- Task -
Transcribe the lines below exactly. No image belongs in the transcription.

- Source records -
..........

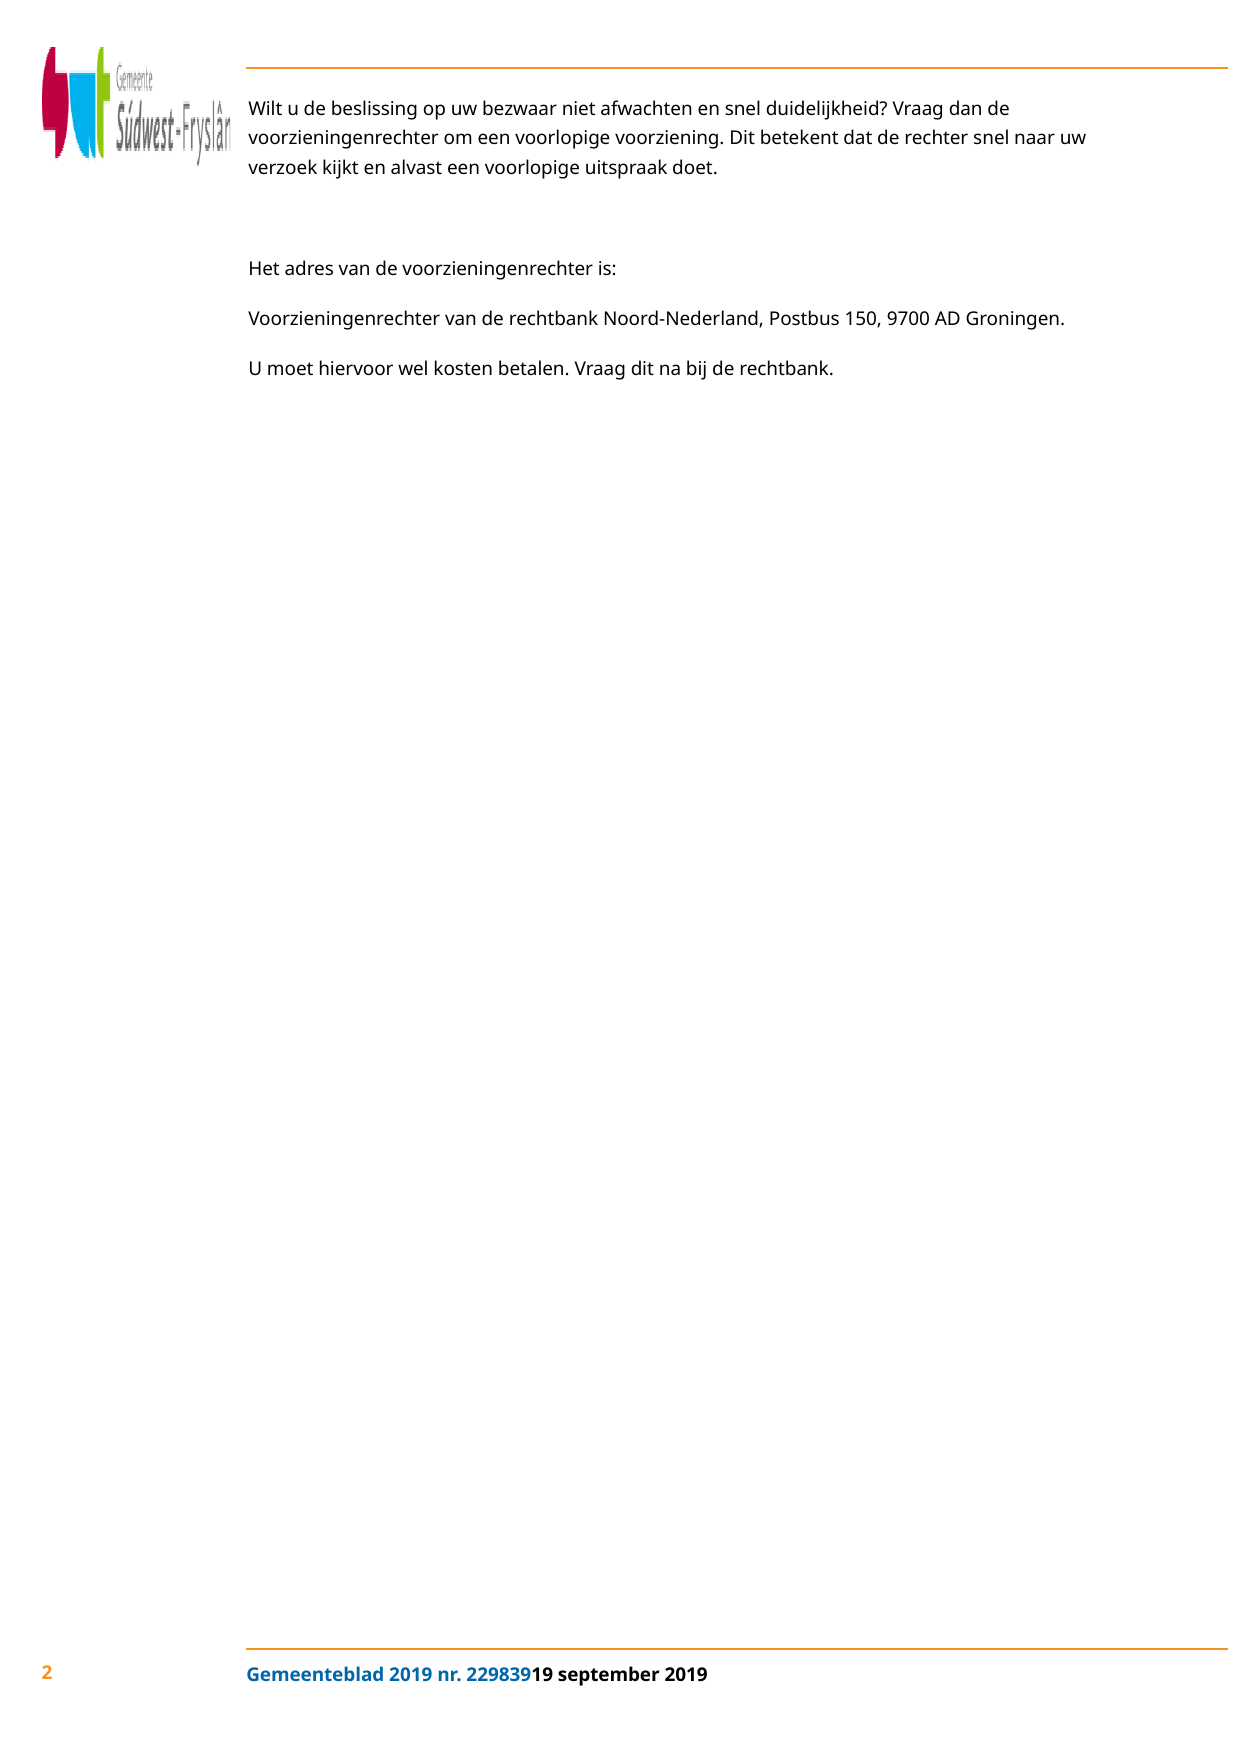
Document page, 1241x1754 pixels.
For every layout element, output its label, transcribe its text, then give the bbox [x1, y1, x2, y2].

picture [41, 47, 231, 172]
text Het adres van de voorzieningenrechter is: [248, 255, 1152, 281]
text Voorzieningenrechter van de rechtbank Noord-Nederland, Postbus 150, 9700 AD Groningen. [248, 305, 1152, 331]
text Wilt u de beslissing op uw bezwaar niet afwachten en snel duidelijkheid? Vraag dan de voorzieningenrechter om een voorlopige voorziening. Dit betekent dat de rechter snel naar uw verzoek kijkt en alvast een voorlopige uitspraak doet. [248, 95, 1152, 180]
text U moet hiervoor wel kosten betalen. Vraag dit na bij de rechtbank. [248, 356, 1152, 381]
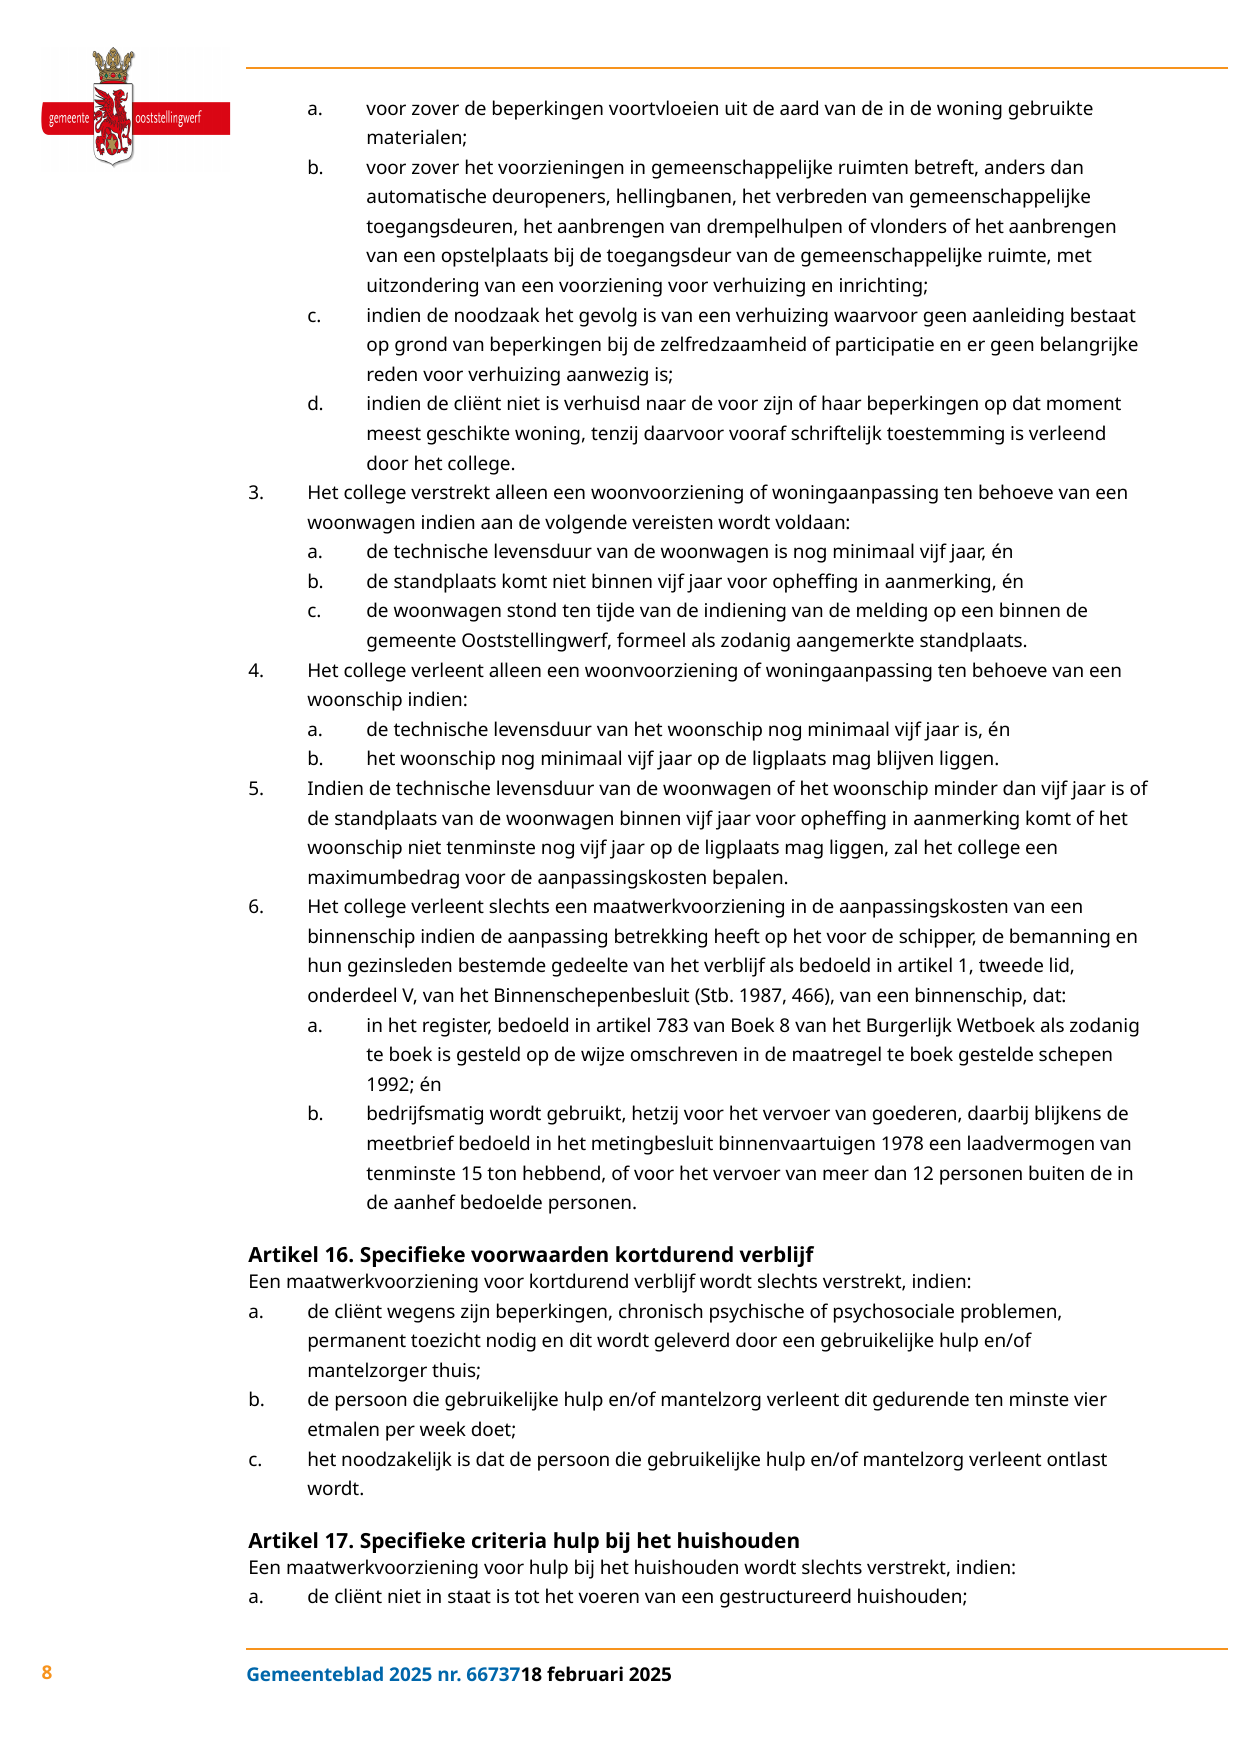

..........

- Reply to the exercise -
Document page, 1241x1754 pixels.
For every layout element, output its label, transcribe its text, then give the bbox [x1, y1, x2, y2].

picture [41, 47, 231, 172]
text Het adres van de voorzieningenrechter is: [248, 255, 1152, 281]
text Voorzieningenrechter van de rechtbank Noord-Nederland, Postbus 150, 9700 AD Groningen. [248, 305, 1152, 331]
text Wilt u de beslissing op uw bezwaar niet afwachten en snel duidelijkheid? Vraag dan de voorzieningenrechter om een voorlopige voorziening. Dit betekent dat de rechter snel naar uw verzoek kijkt en alvast een voorlopige uitspraak doet. [248, 95, 1152, 180]
text U moet hiervoor wel kosten betalen. Vraag dit na bij de rechtbank. [248, 356, 1152, 381]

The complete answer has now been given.